Q&A with Former ICC Prosecutor Christine Chung
By Ben Hallman, Friday, July 10, 2009
We tend to steer away from film recommendations here at the Litigation Daily, but a documentary about the International Criminal Court, airing on PBS on Tuesday, should be worth your while. "The Reckoning: The Battle for the International Criminal Court" follows ICC prosecutor Luis Moreno-Ocampo and his team for three years as they issues arrest warrants for Lord's Resistance Army leaders in Uganda, put Congolese warlords on trial, and charge Sudan's President Omar al-Bashir with war crimes and crimes against humanity in Darfur. A central figure in the film is Christine Chung, an American lawyer who was one of the three first senior trial attorneys at the ICC. We caught up with her by phone on Friday afternoon at her office at Quinn Emanuel Urquhart Oliver & Hedges, where she has worked since leaving the ICC in 2007.The Reckoning: The Battle for the International Criminal Court
LIT DAILY: Hi Christine, thanks for taking the time to talk to us. How did you come to be one of the first trial attorneys at the ICC?
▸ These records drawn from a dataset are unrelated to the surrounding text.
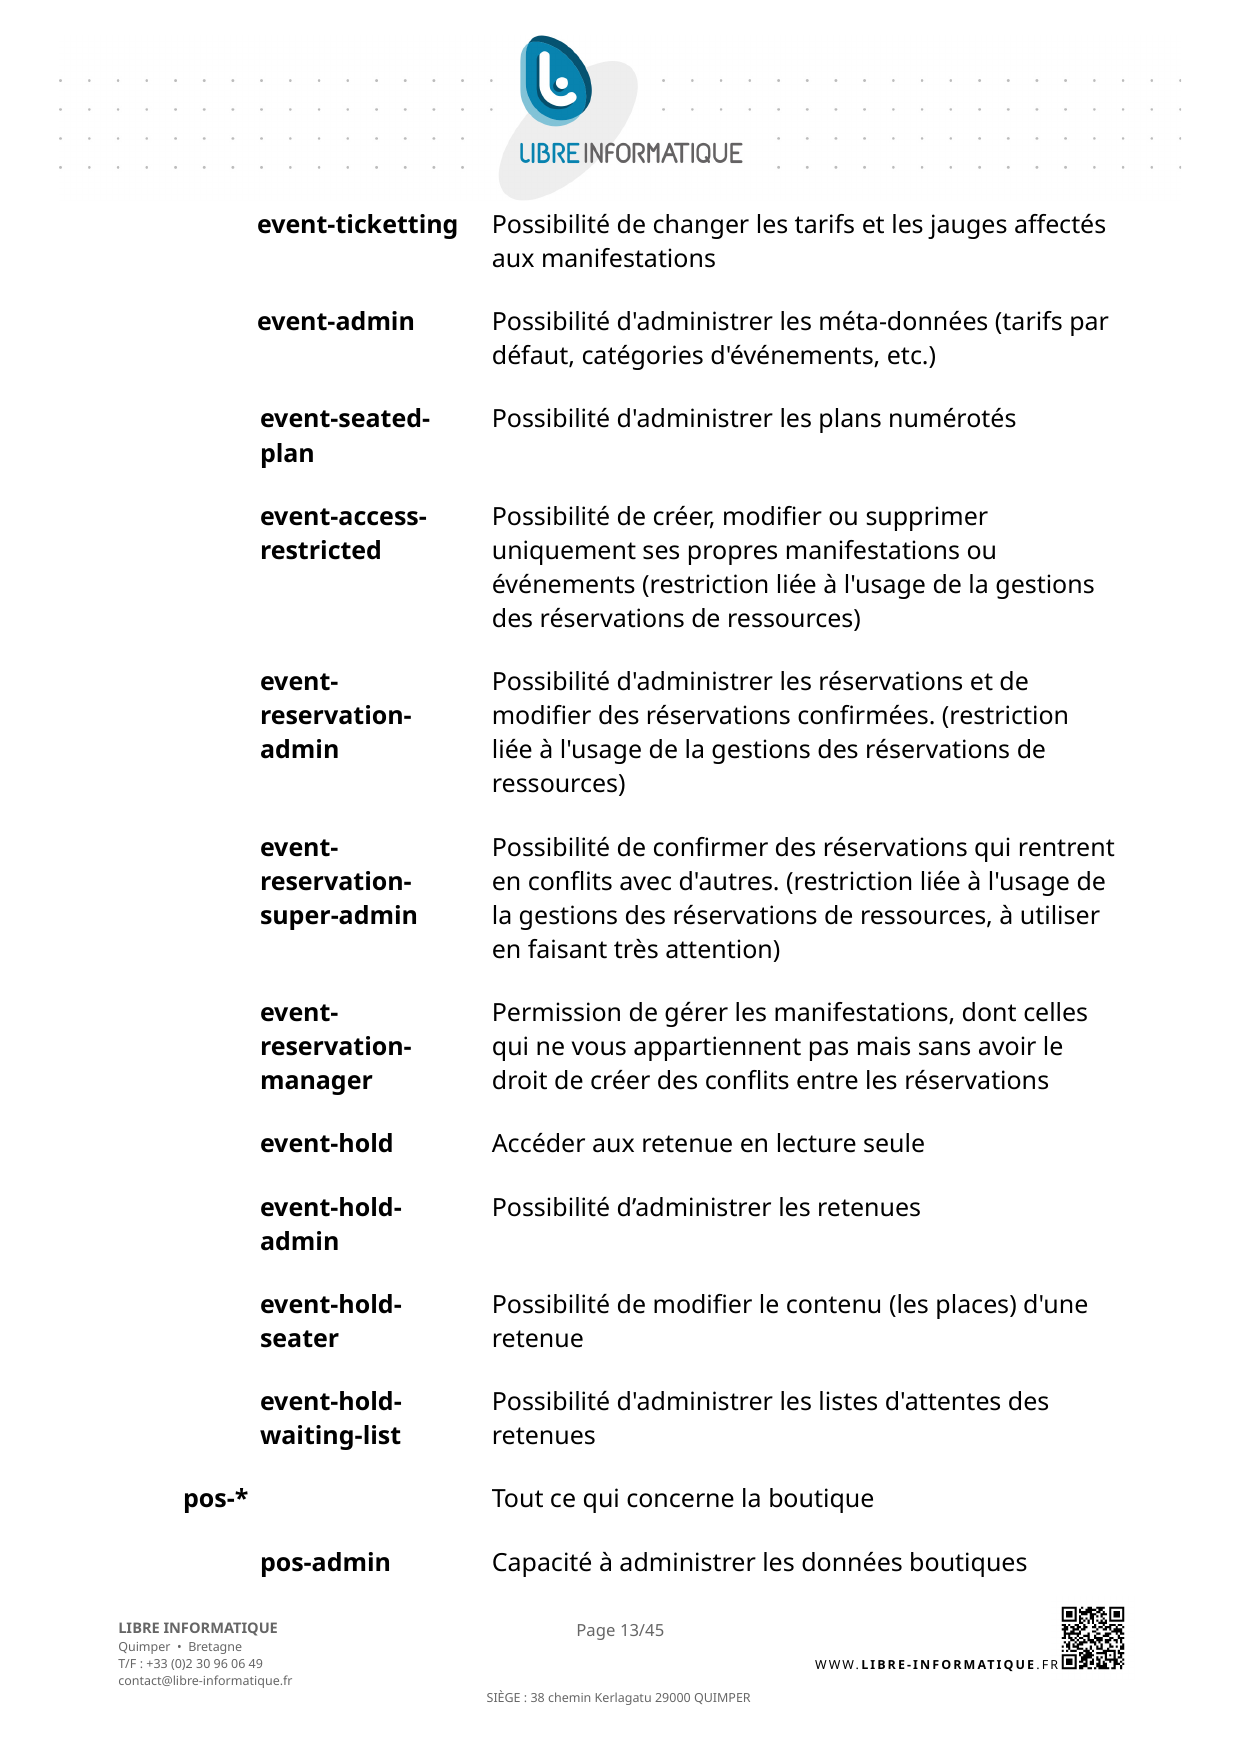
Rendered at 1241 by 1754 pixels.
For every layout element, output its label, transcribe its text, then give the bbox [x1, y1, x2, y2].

table_cell event-access-restricted [177, 493, 486, 658]
picture [1051, 1596, 1135, 1680]
picture [540, 52, 576, 106]
table_cell Accéder aux retenue en lecture seule [486, 1120, 1122, 1183]
table_cell event-reservation-super-admin [177, 824, 486, 989]
table_cell Capacité à administrer les données boutiques [486, 1539, 1122, 1584]
table_cell event-hold-seater [177, 1281, 486, 1378]
picture [59, 35, 1182, 201]
table_cell Possibilité d'administrer les réservations et de modifier des réservations confirmées. (restriction liée à l'usage de la gestions des réservations de ressources) [486, 658, 1122, 823]
table_cell Possibilité de changer les tarifs et les jauges affectés aux manifestations [486, 201, 1122, 298]
table_cell Possibilité d’administrer les retenues [486, 1184, 1122, 1281]
table_cell Possibilité de confirmer des réservations qui rentrent en conflits avec d'autres. (restriction liée à l'usage de la gestions des réservations de ressources, à utiliser en faisant très attention) [486, 824, 1122, 989]
table_cell event-hold-waiting-list [177, 1378, 486, 1475]
table_cell Possibilité de créer, modifier ou supprimer uniquement ses propres manifestations ou événements (restriction liée à l'usage de la gestions des réservations de ressources) [486, 493, 1122, 658]
table_cell event-hold [177, 1120, 486, 1183]
table_cell event-reservation-manager [177, 989, 486, 1120]
table_cell Possibilité d'administrer les listes d'attentes des retenues [486, 1378, 1122, 1475]
table_cell event-admin [177, 298, 486, 395]
table_cell Tout ce qui concerne la boutique [486, 1475, 1122, 1539]
table_cell Possibilité de modifier le contenu (les places) d'une retenue [486, 1281, 1122, 1378]
picture [557, 78, 567, 88]
table_cell pos-admin [177, 1539, 486, 1584]
table_cell Possibilité d'administrer les méta-données (tarifs par défaut, catégories d'événements, etc.) [486, 298, 1122, 395]
table_cell pos-* [177, 1475, 486, 1539]
table_cell event-seated-plan [177, 395, 486, 493]
table_cell event-hold-admin [177, 1184, 486, 1281]
table_cell event-reservation-admin [177, 658, 486, 823]
table_cell event-ticketting [177, 201, 486, 298]
table_cell Permission de gérer les manifestations, dont celles qui ne vous appartiennent pas mais sans avoir le droit de créer des conflits entre les réservations [486, 989, 1122, 1120]
table_cell Possibilité d'administrer les plans numérotés [486, 395, 1122, 493]
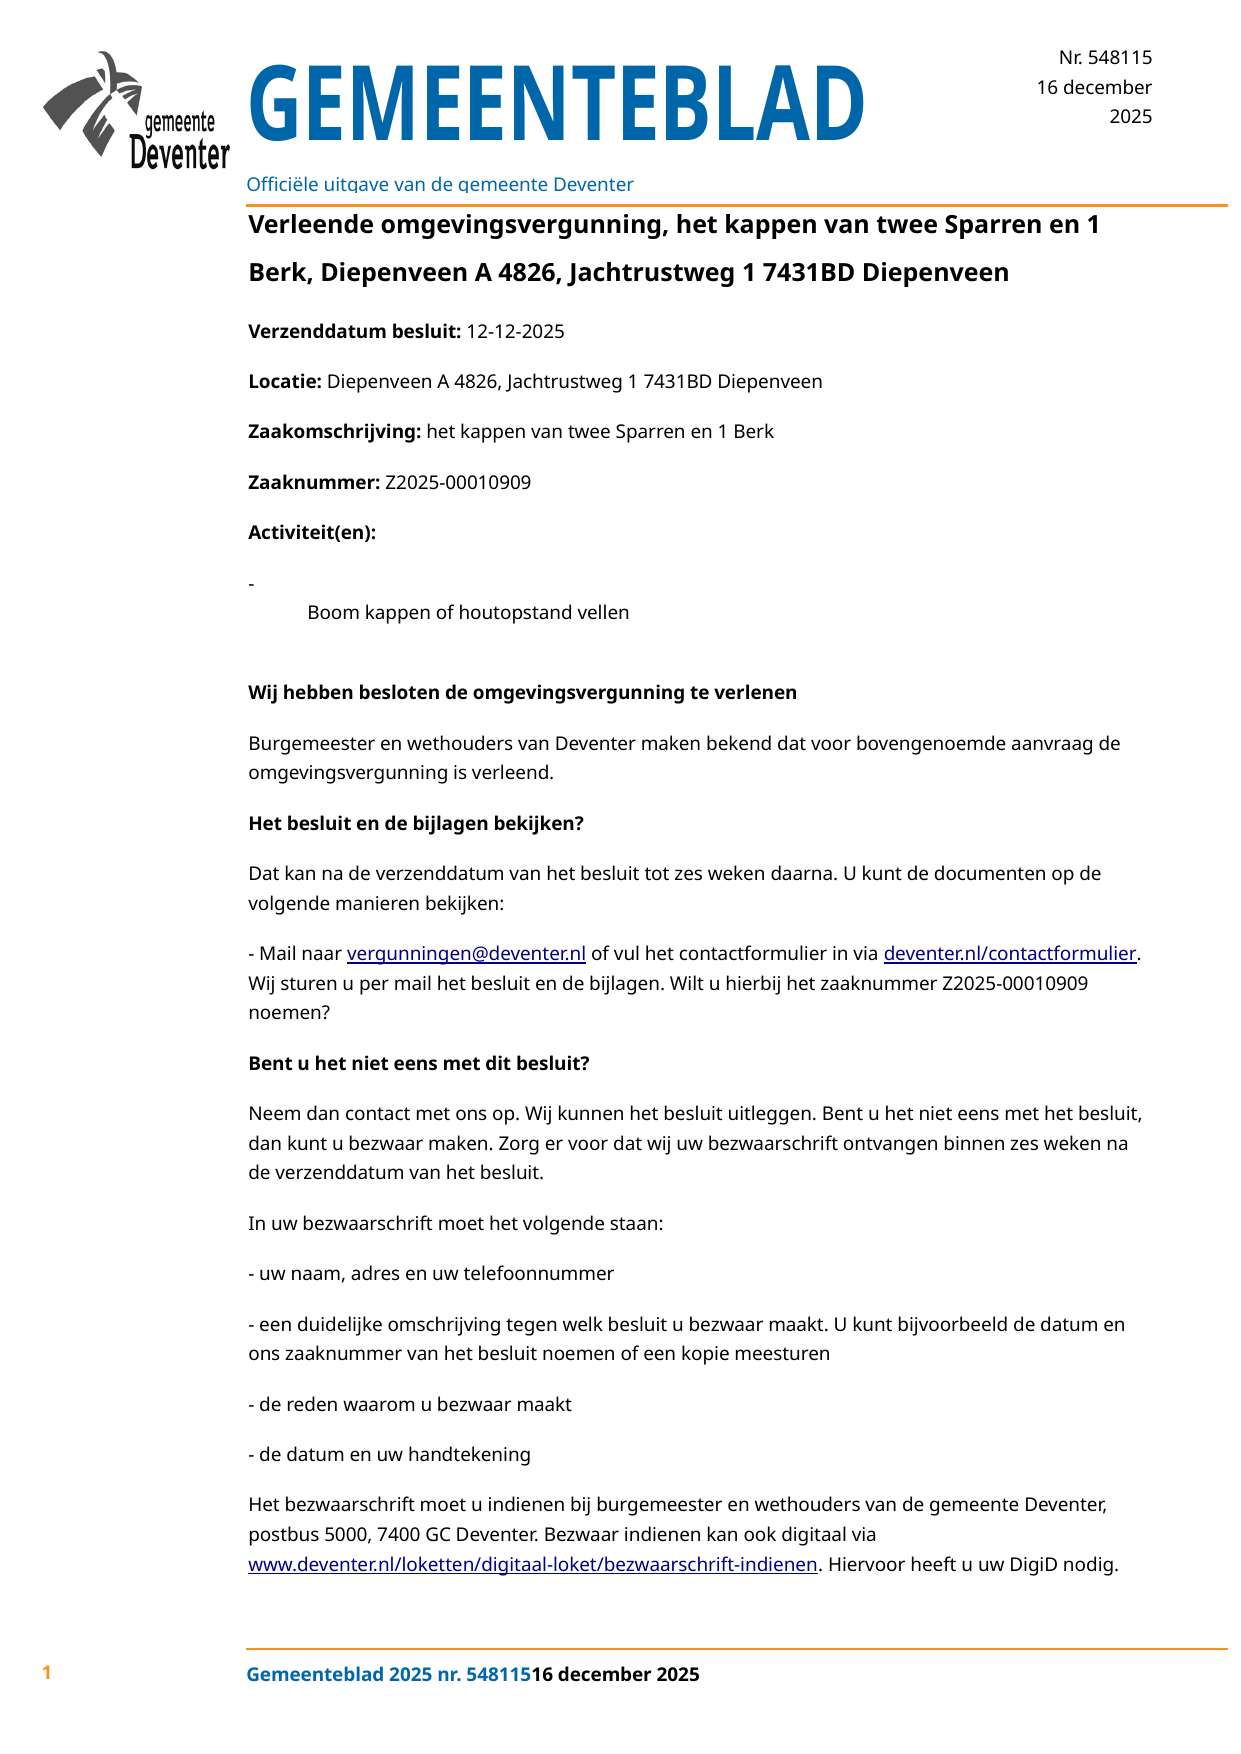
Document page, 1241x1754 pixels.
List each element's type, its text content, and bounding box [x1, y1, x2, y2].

text Bent u het niet eens met dit besluit? [248, 1050, 1152, 1076]
text Het bezwaarschrift moet u indienen bij burgemeester en wethouders van de gemeente Deventer, postbus 5000, 7400 GC Deventer. Bezwaar indienen kan ook digitaal via www.deventer.nl/loketten/digitaal-loket/bezwaarschrift-indienen. Hiervoor heeft u uw DigiD nodig. [248, 1492, 1152, 1577]
picture [41, 47, 231, 172]
text Zaakomschrijving: het kappen van twee Sparren en 1 Berk [248, 419, 1152, 444]
text - een duidelijke omschrijving tegen welk besluit u bezwaar maakt. U kunt bijvoorbeeld de datum en ons zaaknummer van het besluit noemen of een kopie meesturen [248, 1311, 1152, 1366]
text - uw naam, adres en uw telefoonnummer [248, 1260, 1152, 1286]
text Het besluit en de bijlagen bekijken? [248, 810, 1152, 836]
text Activiteit(en): [248, 519, 1152, 545]
text Burgemeester en wethouders van Deventer maken bekend dat voor bovengenoemde aanvraag de omgevingsvergunning is verleend. [248, 730, 1152, 785]
text Locatie: Diepenveen A 4826, Jachtrustweg 1 7431BD Diepenveen [248, 368, 1152, 394]
text - de datum en uw handtekening [248, 1441, 1152, 1467]
text - de reden waarom u bezwaar maakt [248, 1391, 1152, 1417]
text Verzenddatum besluit: 12-12-2025 [248, 318, 1152, 344]
text Verleende omgevingsvergunning, het kappen van twee Sparren en 1 Berk, Diepenveen A 4826, Jachtrustweg 1 7431BD Diepenveen [248, 207, 1152, 288]
text - Mail naar vergunningen@deventer.nl of vul het contactformulier in via deventer.nl/contactformulier. Wij sturen u per mail het besluit en de bijlagen. Wilt u hierbij het zaaknummer Z2025-00010909 noemen? [248, 940, 1152, 1025]
text Wij hebben besloten de omgevingsvergunning te verlenen [248, 679, 1152, 705]
text Neem dan contact met ons op. Wij kunnen het besluit uitleggen. Bent u het niet eens met het besluit, dan kunt u bezwaar maken. Zorg er voor dat wij uw bezwaarschrift ontvangen binnen zes weken na de verzenddatum van het besluit. [248, 1100, 1152, 1185]
text Zaaknummer: Z2025-00010909 [248, 469, 1152, 495]
list Boom kappen of houtopstand vellen [248, 599, 1152, 625]
text In uw bezwaarschrift moet het volgende staan: [248, 1210, 1152, 1236]
text Dat kan na de verzenddatum van het besluit tot zes weken daarna. U kunt de documenten op de volgende manieren bekijken: [248, 860, 1152, 916]

CHUNG: At the time when I was leaving [the U.S. Attorney's Office in Manhattan], the chief prosecutor had just been elected. He was teaching at Harvard at the time. I had read about the court, but figured he was probably not so interested in having an American lawyer on board, given that the U.S. government was so opposed to the court at the time. I called him and asked if he would be interested in having someone with my background on his team, and he encouraged me to apply. I got hired in the first round, along with a British and a German lawyer.
LD: How did being a federal prosecutor experience prepare you for investigating cases for the ICC?
CHUNG: Maybe half way. The American prosecutorial system is very sophisticated, but [the ICC rules] were very different. I had to learn a whole new set of substantive and procedural rules. I had to learn a new governing text. The court itself was new. We often said it was like building an airplane and flying it at the same time. We had to hire translators, and hire investigators. It was a brick by brick process.
LD: What would you describe as your greatest personal triumph at the ICC?
CHUNG: For most of us it was getting the court up and running in what people perceive as a credible way. In part because of U.S. opposition, and other reasons, there was some belief that we would try and fail. Today, it's a viable institution.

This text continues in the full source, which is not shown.